#### [WHAT TO PRODUCE]
Check every line of the data below for the string "object", and copy the ones that hold it.

Records from a collection:
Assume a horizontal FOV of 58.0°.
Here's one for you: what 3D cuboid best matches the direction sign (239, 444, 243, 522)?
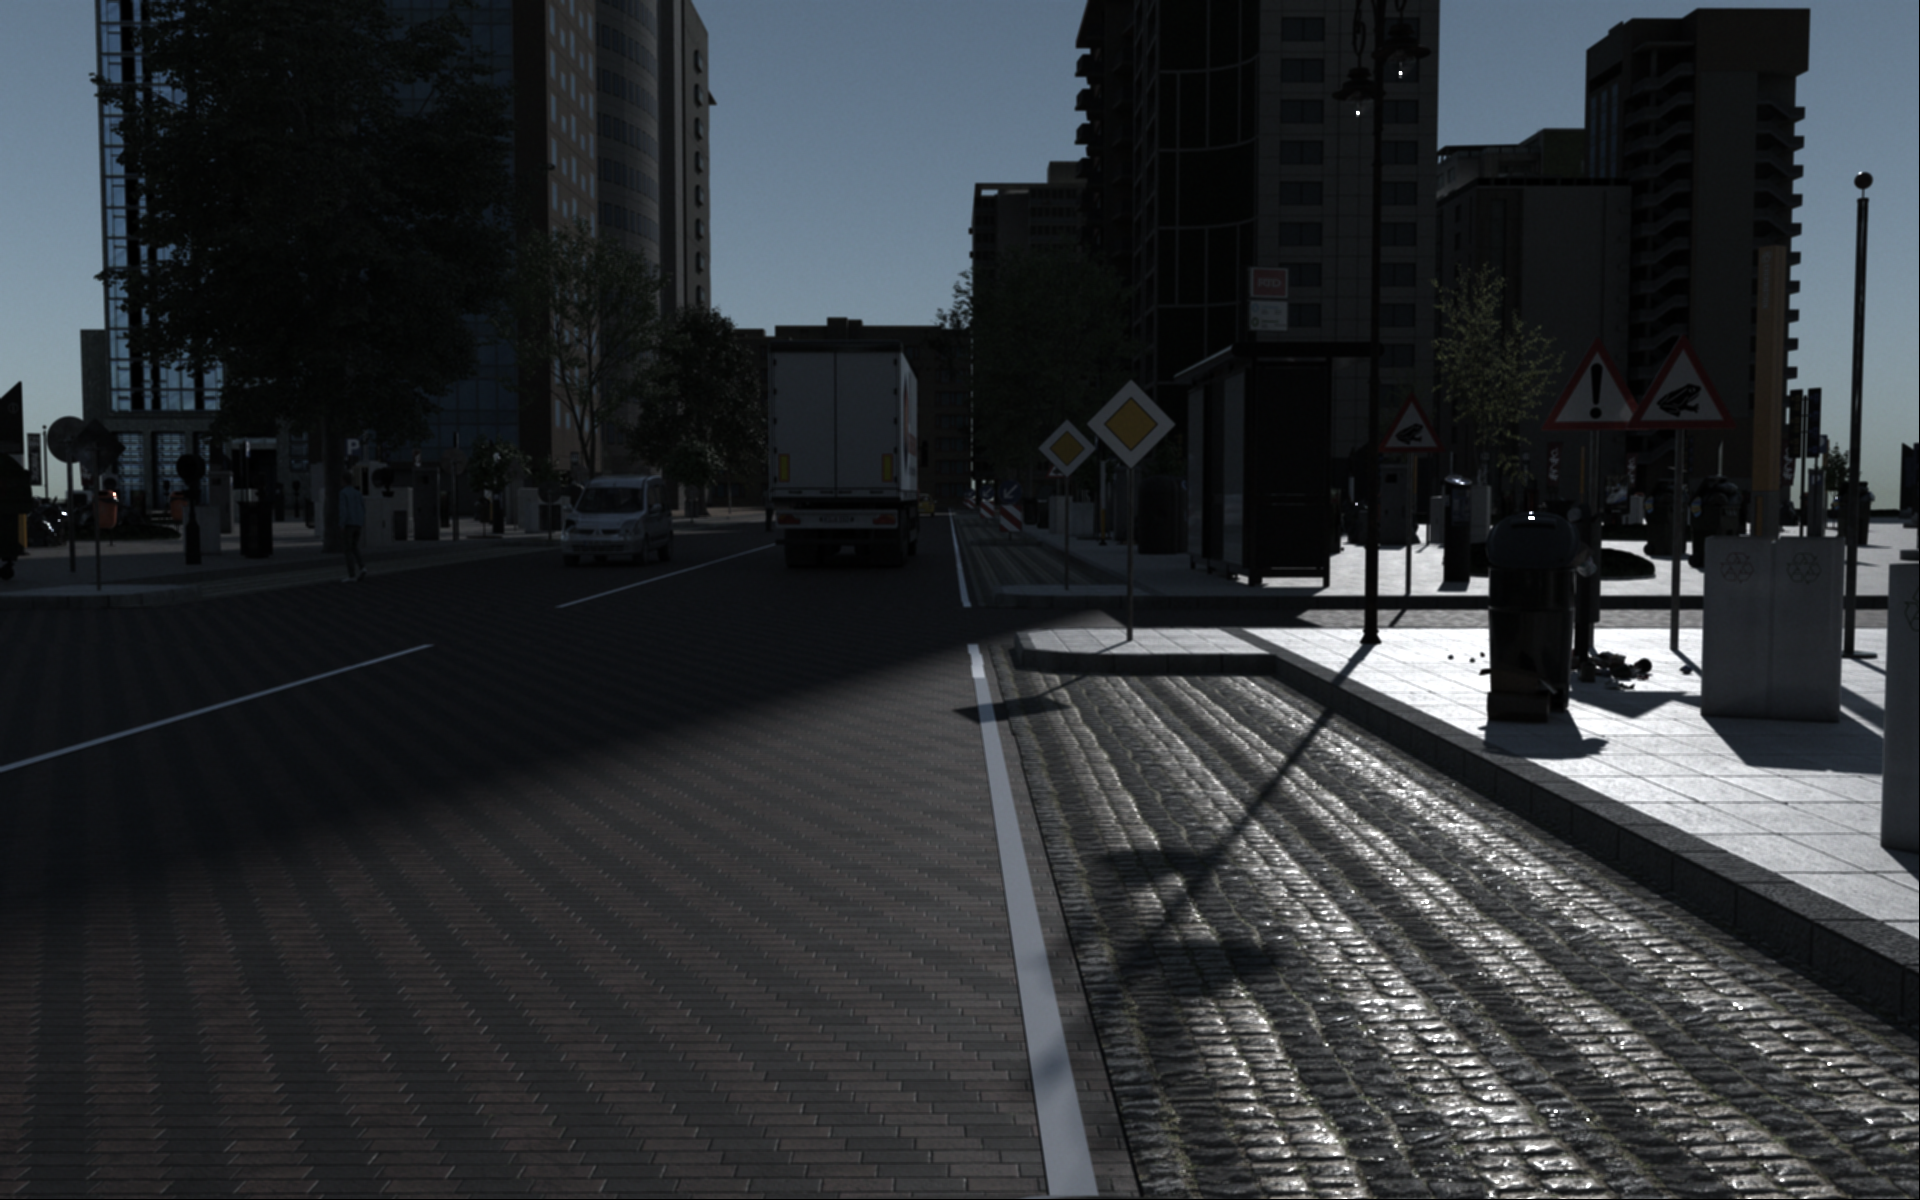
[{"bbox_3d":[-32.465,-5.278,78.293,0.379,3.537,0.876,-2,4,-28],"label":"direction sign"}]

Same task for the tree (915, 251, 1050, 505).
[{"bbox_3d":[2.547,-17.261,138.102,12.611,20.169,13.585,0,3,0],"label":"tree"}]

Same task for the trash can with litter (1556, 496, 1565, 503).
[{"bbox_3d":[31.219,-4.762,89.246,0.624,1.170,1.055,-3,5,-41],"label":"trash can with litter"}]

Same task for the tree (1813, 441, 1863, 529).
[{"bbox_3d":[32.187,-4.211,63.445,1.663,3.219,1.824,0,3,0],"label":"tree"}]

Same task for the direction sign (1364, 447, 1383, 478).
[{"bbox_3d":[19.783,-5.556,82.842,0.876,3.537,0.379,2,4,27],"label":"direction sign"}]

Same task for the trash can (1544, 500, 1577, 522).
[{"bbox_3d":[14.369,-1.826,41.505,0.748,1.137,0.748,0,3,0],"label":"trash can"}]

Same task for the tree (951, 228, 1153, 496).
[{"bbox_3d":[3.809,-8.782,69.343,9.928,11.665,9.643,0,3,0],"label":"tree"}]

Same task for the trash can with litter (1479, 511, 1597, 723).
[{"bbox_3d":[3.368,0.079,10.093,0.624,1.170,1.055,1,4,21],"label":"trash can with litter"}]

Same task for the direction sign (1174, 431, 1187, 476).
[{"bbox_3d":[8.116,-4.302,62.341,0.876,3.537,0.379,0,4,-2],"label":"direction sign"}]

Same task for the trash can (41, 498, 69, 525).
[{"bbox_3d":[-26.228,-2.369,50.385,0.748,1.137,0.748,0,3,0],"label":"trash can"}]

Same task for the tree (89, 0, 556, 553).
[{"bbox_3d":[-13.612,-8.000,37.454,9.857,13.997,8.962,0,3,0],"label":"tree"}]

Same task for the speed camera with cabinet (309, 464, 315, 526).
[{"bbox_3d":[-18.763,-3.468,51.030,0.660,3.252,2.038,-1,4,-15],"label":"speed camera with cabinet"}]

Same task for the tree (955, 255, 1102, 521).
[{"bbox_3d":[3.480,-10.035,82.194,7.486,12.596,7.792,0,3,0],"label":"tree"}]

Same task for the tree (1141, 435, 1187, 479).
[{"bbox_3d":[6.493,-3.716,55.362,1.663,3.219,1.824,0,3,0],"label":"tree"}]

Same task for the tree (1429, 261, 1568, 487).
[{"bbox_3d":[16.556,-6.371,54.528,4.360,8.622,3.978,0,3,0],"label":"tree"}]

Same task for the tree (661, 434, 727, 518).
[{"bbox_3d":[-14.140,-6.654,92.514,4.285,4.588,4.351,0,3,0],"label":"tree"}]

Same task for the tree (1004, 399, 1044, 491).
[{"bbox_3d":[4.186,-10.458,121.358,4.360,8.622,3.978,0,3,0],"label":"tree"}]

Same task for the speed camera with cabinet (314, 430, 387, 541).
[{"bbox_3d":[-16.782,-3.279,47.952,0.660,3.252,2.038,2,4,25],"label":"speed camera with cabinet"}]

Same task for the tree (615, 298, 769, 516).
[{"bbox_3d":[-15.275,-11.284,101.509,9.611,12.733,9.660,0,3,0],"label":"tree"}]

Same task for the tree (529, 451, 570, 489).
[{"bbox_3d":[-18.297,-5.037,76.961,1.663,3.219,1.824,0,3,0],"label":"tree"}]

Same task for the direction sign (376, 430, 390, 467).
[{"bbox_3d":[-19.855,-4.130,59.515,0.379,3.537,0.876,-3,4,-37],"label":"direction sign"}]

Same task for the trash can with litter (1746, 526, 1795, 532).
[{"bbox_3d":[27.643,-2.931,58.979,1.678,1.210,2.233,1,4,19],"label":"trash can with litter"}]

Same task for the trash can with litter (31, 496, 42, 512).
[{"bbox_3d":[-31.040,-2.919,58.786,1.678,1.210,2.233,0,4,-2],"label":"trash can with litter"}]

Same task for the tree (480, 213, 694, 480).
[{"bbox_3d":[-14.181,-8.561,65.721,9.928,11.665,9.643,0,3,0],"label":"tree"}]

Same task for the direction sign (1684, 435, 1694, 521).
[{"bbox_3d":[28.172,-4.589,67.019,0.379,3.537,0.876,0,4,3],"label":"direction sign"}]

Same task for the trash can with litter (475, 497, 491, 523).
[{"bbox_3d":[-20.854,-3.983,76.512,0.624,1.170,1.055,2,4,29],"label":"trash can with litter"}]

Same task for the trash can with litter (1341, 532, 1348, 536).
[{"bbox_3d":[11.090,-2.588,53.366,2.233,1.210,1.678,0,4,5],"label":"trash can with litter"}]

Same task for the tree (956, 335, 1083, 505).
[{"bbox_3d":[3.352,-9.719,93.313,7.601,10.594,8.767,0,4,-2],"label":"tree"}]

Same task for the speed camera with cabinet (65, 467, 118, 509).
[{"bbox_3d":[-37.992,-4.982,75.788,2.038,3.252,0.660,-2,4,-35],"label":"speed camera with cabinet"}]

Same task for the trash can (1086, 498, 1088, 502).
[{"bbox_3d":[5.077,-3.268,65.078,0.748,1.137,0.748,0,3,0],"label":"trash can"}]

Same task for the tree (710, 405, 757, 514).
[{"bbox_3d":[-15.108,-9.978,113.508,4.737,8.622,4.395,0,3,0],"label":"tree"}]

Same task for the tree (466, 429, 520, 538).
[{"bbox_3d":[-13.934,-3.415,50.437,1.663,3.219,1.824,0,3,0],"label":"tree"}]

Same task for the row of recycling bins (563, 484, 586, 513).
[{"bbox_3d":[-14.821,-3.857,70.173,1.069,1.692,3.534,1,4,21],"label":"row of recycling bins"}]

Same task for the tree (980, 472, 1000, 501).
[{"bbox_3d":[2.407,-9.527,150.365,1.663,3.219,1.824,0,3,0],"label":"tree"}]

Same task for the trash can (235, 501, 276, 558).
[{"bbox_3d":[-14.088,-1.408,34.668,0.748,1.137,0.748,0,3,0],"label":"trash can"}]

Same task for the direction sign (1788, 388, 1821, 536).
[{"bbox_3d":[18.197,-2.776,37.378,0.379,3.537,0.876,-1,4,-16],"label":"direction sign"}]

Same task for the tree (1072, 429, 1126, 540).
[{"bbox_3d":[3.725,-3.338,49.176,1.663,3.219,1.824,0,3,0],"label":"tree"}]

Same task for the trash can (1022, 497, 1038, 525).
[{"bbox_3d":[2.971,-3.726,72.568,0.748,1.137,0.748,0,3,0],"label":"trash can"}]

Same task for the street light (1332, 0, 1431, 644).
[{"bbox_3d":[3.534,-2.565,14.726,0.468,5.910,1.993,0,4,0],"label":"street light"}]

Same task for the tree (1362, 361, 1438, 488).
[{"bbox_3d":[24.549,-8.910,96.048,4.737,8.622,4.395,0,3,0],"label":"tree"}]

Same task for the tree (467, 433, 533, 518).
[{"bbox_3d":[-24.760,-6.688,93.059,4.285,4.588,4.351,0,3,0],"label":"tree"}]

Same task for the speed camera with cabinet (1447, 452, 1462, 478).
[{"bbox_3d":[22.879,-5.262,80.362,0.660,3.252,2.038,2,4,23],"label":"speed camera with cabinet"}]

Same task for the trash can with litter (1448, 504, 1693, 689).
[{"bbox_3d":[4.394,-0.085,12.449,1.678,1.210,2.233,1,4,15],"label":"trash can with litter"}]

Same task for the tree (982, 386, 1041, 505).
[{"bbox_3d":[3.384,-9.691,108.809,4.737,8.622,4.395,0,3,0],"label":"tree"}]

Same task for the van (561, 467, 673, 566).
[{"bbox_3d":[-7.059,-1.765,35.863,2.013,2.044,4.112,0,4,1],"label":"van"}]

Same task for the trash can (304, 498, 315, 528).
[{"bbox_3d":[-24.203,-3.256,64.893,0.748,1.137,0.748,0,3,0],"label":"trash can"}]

* * *

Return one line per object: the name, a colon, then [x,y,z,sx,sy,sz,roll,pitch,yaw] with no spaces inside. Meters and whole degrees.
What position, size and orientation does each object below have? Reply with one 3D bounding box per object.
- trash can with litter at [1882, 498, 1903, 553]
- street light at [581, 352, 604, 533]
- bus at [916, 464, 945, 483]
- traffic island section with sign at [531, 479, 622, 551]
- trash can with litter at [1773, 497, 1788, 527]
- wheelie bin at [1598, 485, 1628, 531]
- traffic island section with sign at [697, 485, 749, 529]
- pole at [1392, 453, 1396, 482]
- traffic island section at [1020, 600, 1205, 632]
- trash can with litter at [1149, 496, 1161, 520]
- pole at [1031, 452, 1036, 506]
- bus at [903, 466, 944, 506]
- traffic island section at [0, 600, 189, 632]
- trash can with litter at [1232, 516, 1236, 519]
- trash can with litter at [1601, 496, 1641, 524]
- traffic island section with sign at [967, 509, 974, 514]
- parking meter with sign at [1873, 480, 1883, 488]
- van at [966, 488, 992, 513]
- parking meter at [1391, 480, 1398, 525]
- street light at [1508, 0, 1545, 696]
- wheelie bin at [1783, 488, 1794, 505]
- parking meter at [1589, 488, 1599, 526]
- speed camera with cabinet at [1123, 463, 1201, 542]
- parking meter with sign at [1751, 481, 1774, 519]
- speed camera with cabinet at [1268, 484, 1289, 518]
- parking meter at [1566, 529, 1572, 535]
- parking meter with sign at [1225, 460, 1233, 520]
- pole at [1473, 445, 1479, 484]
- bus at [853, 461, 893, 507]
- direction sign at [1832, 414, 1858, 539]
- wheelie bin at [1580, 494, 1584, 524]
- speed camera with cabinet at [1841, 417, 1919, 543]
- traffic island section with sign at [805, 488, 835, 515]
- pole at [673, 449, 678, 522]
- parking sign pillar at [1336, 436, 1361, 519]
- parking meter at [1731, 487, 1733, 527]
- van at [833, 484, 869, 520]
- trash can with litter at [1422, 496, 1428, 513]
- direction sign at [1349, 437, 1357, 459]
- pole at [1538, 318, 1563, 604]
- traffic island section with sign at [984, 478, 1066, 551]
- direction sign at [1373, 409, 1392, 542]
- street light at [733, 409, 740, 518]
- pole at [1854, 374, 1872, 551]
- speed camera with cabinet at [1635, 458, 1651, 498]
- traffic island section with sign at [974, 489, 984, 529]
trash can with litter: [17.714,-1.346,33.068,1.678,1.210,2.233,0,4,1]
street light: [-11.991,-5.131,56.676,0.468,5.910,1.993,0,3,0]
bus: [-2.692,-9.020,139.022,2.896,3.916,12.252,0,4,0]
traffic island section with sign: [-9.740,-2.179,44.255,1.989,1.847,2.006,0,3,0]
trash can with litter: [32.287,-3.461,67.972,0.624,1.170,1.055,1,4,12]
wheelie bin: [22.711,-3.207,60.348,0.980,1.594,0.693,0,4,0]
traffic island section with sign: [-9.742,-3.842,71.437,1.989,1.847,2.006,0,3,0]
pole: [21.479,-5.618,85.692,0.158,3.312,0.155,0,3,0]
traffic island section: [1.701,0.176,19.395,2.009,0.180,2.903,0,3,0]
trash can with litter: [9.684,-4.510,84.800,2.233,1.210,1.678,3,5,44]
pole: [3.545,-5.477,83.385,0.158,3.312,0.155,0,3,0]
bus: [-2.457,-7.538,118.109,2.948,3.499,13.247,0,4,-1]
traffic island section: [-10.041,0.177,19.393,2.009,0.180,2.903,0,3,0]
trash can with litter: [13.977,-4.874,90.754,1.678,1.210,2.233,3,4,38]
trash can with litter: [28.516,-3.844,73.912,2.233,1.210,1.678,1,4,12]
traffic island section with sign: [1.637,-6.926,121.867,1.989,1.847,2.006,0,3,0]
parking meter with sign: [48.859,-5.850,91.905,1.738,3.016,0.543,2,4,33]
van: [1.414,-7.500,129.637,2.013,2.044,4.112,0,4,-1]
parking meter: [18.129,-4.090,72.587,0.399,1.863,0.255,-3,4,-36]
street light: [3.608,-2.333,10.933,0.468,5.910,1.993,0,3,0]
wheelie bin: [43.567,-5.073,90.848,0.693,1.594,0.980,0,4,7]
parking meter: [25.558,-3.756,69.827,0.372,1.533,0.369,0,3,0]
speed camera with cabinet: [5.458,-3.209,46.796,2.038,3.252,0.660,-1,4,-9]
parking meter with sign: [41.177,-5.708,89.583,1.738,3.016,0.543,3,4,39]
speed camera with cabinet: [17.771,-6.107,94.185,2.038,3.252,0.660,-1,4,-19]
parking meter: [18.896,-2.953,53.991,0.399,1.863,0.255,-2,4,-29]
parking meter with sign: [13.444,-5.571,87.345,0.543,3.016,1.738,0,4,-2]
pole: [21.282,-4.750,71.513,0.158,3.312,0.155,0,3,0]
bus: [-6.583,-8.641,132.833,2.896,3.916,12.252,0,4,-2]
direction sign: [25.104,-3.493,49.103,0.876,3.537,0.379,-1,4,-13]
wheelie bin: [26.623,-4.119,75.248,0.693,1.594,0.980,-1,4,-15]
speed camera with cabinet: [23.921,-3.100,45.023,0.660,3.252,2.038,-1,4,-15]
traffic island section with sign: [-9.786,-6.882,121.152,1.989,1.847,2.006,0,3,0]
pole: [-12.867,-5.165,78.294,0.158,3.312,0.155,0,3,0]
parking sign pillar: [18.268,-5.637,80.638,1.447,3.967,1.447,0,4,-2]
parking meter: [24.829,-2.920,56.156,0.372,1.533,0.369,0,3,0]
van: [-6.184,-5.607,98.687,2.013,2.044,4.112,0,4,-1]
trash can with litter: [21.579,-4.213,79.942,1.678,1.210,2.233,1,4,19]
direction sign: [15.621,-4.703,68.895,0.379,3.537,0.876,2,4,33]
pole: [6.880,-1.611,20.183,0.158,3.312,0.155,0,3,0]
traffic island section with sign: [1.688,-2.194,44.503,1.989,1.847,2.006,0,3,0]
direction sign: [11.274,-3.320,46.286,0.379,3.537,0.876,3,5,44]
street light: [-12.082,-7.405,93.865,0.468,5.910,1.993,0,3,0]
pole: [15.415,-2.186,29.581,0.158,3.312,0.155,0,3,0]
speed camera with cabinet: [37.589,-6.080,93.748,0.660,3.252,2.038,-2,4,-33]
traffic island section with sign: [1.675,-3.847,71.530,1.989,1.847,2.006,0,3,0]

#### [OUTPUT BELOW]
Return one line per object: the name, a colon, then [x,y,z,sx,sy,sz,roll,pitch,yaw] with no spaces inside. Meters and whole degrees.
What position, size and orientation does each object below have? Reply with one 3D bounding box per object.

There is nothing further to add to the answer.